Our political climate is probably similar to the '30's. FDR did not have smooth sailing from his Republican opposition, but that was before the Dixiecrats switched from being Democrats to Republicans; so the Country may have had the same philosophical divisions but not as starkly political.

I wish we could have a multi-party system like other countries. Our minority parties, even the Libertarians which is gaining more support, are still to marginal to have any influence in government. We need to break this "winner take all" two party system if we want to get any real compromise for getting things done.

Roz


Posted by Mloliver, a resident of San Ramon,
on Jan 4, 2013 at 3:52 pm

Roz,

One thing the 30s didn't have, was the over-exposure of the biased media we have today which has an enormous effect on public opinion.

ML


Posted by Roz Rogoff, the San Ramon Observer,
on Jan 4, 2013 at 7:00 pm

Roz Rogoff is a registered user.

ML,

They didn't have media overload the way we have it today where everyone has their own blog and Facebook page to rant in, but they certainly had biased media from William Randolph Hearst to Father Coughlin.

One of the great plays of 1930 was "The Front Page," about the double dealings of newspaper men in getting and slanting a story. The movie version from 1939, "His Girl Friday," switched the male reporter's gender to female and cast Rosalind Russell (I was named after her), in one of her best roles.

Jimmy Stewart's classic filibuster scene at the end of "Mr. Smith Goes to Washington" was all about how the media mogul in Stewart's state broadcasts negative stories about him so all the letters he receives oppose him. The ending is almost "deus ex machina," by having the senior Senator, Claude Raines, commit suicide because he can't stand being connected to these dirty crooks.

Roz

PS I don't know why if someone (me in this case) opposes "greed" that somehow it means I equate "hard work, risk, and success with greed." No I do not equate people who EARN their money, however much or little it is, with greed, and did not say that anywhere in my blog above.

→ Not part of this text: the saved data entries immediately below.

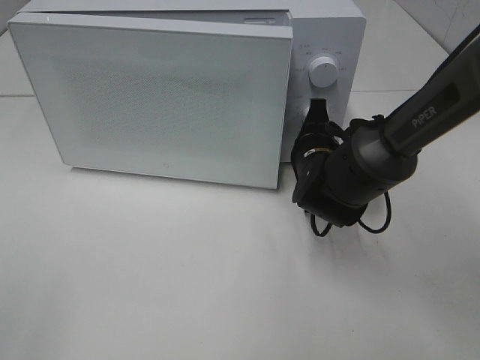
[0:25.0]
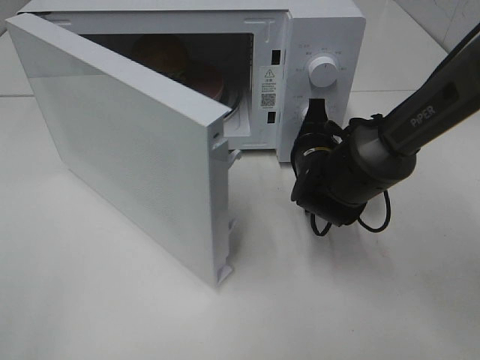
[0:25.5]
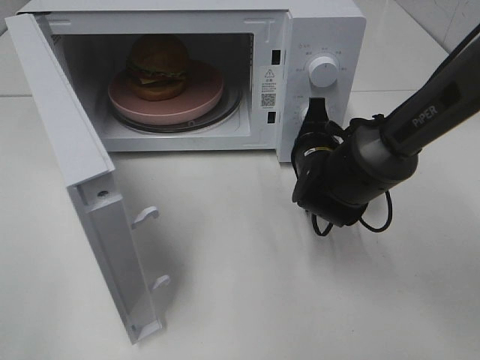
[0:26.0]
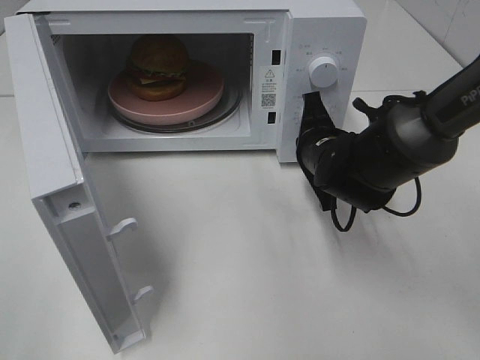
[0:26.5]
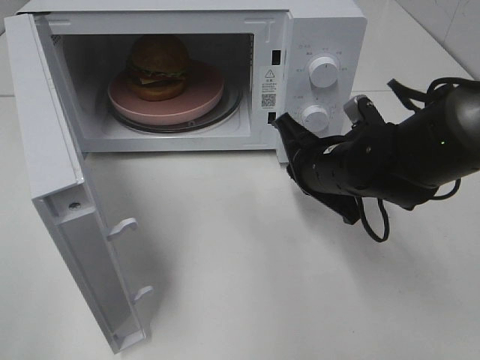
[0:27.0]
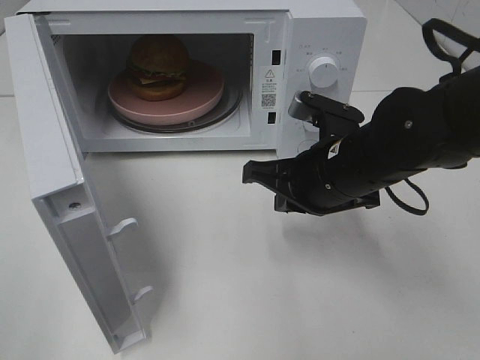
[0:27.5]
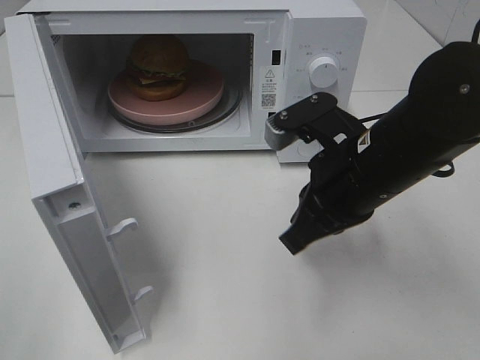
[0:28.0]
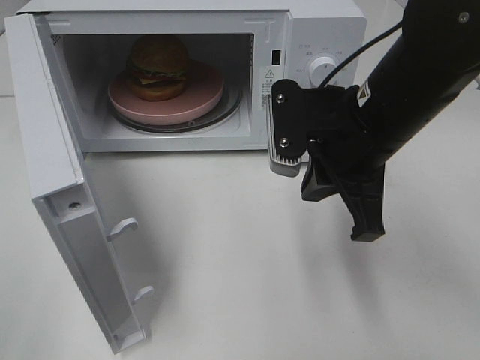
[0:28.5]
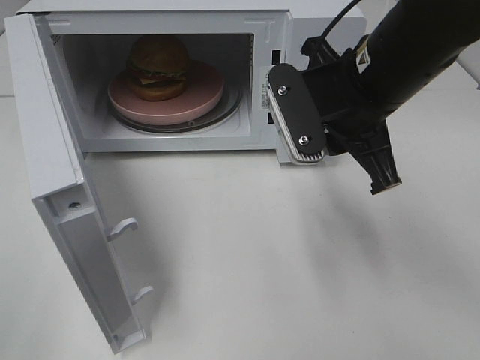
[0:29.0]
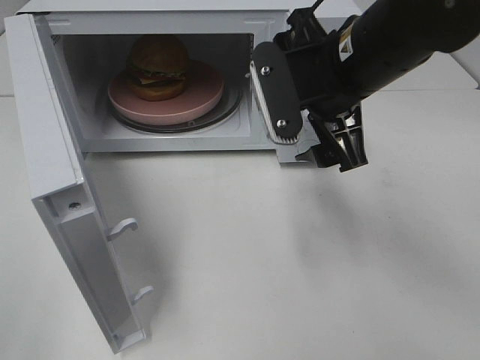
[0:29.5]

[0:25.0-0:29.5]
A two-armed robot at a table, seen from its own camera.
Task of the whole recording: Heat the burger.
0:25.0 to 0:27.0: The right gripper changes place by about 5 cm.
0:27.0 to 0:29.5: The right gripper heads upward, covering some 15 cm, and opens.

I said that during the Reagan Administration greed was elevated to a virtue, which means that anyone who isn't rich must be lazy or incompetent or on the dole or worthless because they are worth less than people who are rich.

Many people work very hard for minimum wage, but are maligned for needing food stamps or medicaid. People who attack poor people on assistance have no idea how hard many of these people work in menial, low paying jobs.

Sure there are cheats, but the person who cheats for $50 is nowhere as bad as the person who cheats for $50M. Carly Fiorina was fired from HP for botching her job, but she left with a $21M severance package and then tried to buy a political office with it. I supported Tom Campbell in that election, a capable University Professor who didn't have enough money to compete with Fiorina in the primary but would have been more competitive with Boxer in the general election.